Each occurrence of the –A option configures a cluster transport adapter that is attached to the node from which you run the scinstall command.

If no –A options are specified, an attempt is made to use a default adapter and transport type. The default transport type is dlpi. On the SPARC platform, the default adapter is hme1.

When the adapter transport type is dlpi, you do not need to specify the trtype suboption. In this case, you can use either of the following two forms to specify the –A adapter-options:

–A [trtype=type,]name=adaptername[,vlanid=vlanid][,other-options]–A adaptername
[trtype=type]

Specifies the transport type of the adapter. Use the trtype option with each occurrence of the –A option for which you want to specify the transport type of the adapter. An example of a transport type is dlpi.

The default transport type is dlpi.

name=adaptername

Specifies the adapter name. You must use the name suboption with each occurrence of the –A option to specify the adaptername. An adaptername is constructed from a device name that is immediately followed by a physical-unit number, for example, hme0.

If you specify no other suboptions with the –A option, you can specify the adaptername as a standalone argument to the –A option, as –A adaptername.

vlanid=vlanid

Specifies the VLAN ID of the tagged-VLAN adapter.

[other-options]

Specifies additional adapter options. When a particular adapter provides any other options, you can specify them by using the –A option.

–B switch-options

Specifies the transport switch, also called transport junction. This option is only legal when the –F or –N option is also specified.

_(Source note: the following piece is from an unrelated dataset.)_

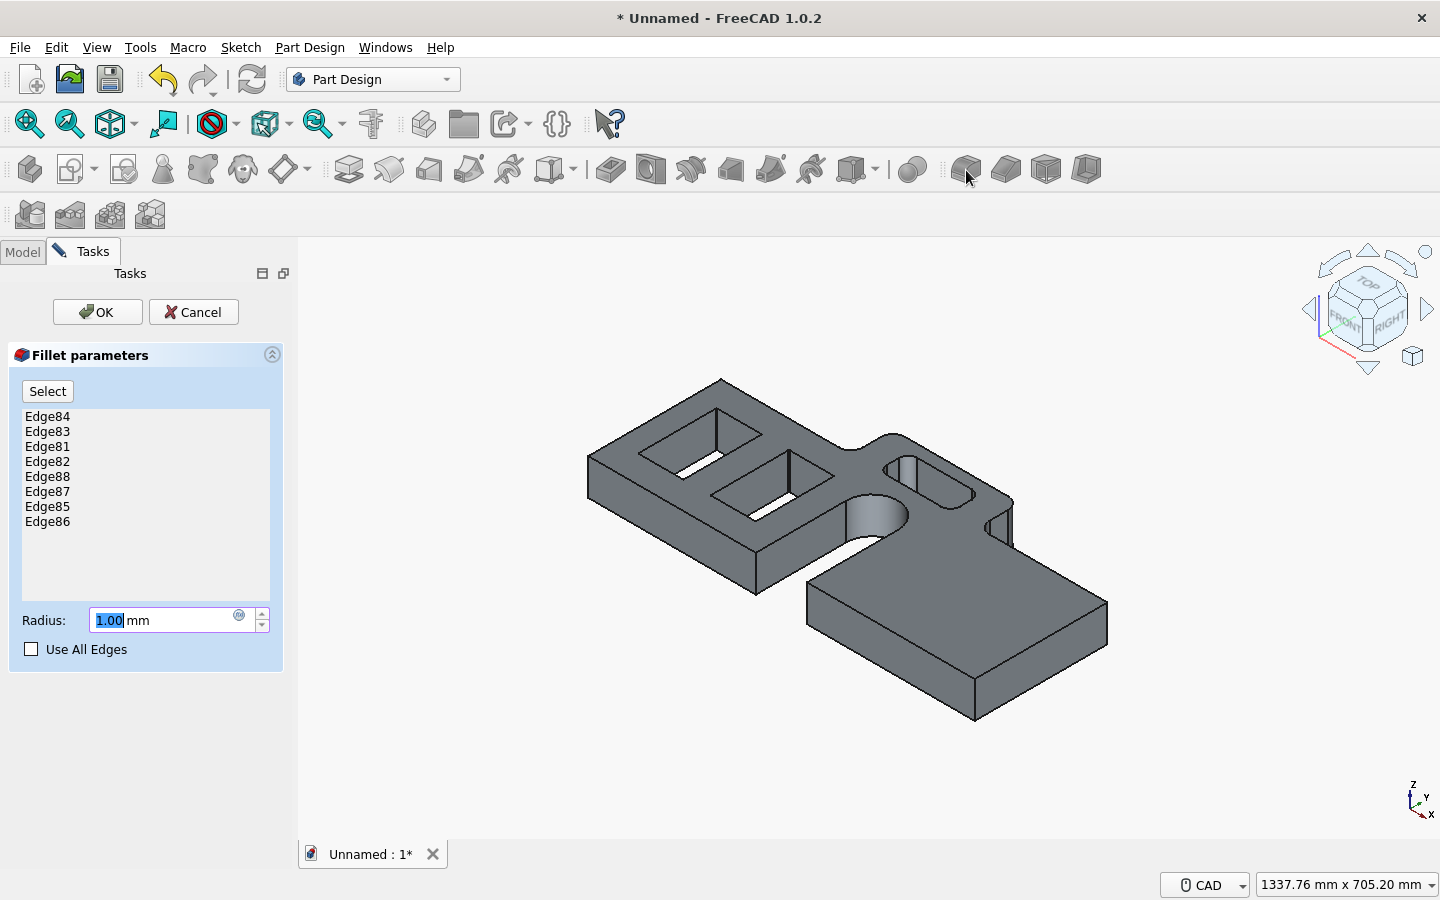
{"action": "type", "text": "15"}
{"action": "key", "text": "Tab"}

Each occurrence of the –B option configures a cluster transport switch. Examples of such devices can include, but are not limited to, Ethernet switches, other switches of various types, and rings.

If you specify no –B options, scinstall attempts to add a default switch at the time that the first node is instantiated as a cluster node. When you add additional nodes to the cluster, no additional switches are added by default. However, you can add them explicitly. The default switch is named switch1, and it is of type switch.

When the switch type is type switch, you do not need to specify the type suboption. In this case, you can use either of the following two forms to specify the –B switch-options.

-B [type=type,]name=name[,other-options]-B name

If a cluster transport switch is already configured for the specified switch name, scinstall prints a message and ignores the –B option.

If you use directly-cabled transport adapters, you are not required to configure any transport switches. To avoid configuring default transport switches, use the following special –B option:

–B type=direct
[type=type]

Specifies the transport switch type. You can use the type option with each occurrence of the –B option. Ethernet switches are an example of a cluster transport switch which is of the switch type switch. See the clinterconnect(8CL) man page for more information.

You can specify the type suboption as direct to suppress the configuration of any default switches. Switches do not exist in a transport configuration that consists of only directly connected transport adapters. When the type suboption is set to direct, you do not need to use the name suboption.

name=name

Specifies the transport switch name. Unless the type is direct, you must use the name suboption with each occurrence of the –B option to specify the transport switch name. The name can be up to 256 characters in length and is made up of either letters or digits, with the first character being a letter. Each transport switch name must be unique across the namespace of the cluster.

If no other suboptions are needed with –B, you can give the switch name as a standalone argument to –B (that is, –B name).

[other-options]

Specifies additional transport switch options. When a particular switch type provides other options, you can specify them with the –B option. Refer to the clinterconnect(8CL) man page for information about any special options that you might use with the switches.

–C clustername

Specifies the name of the cluster. This option is only legal when the –F or –N option is also specified.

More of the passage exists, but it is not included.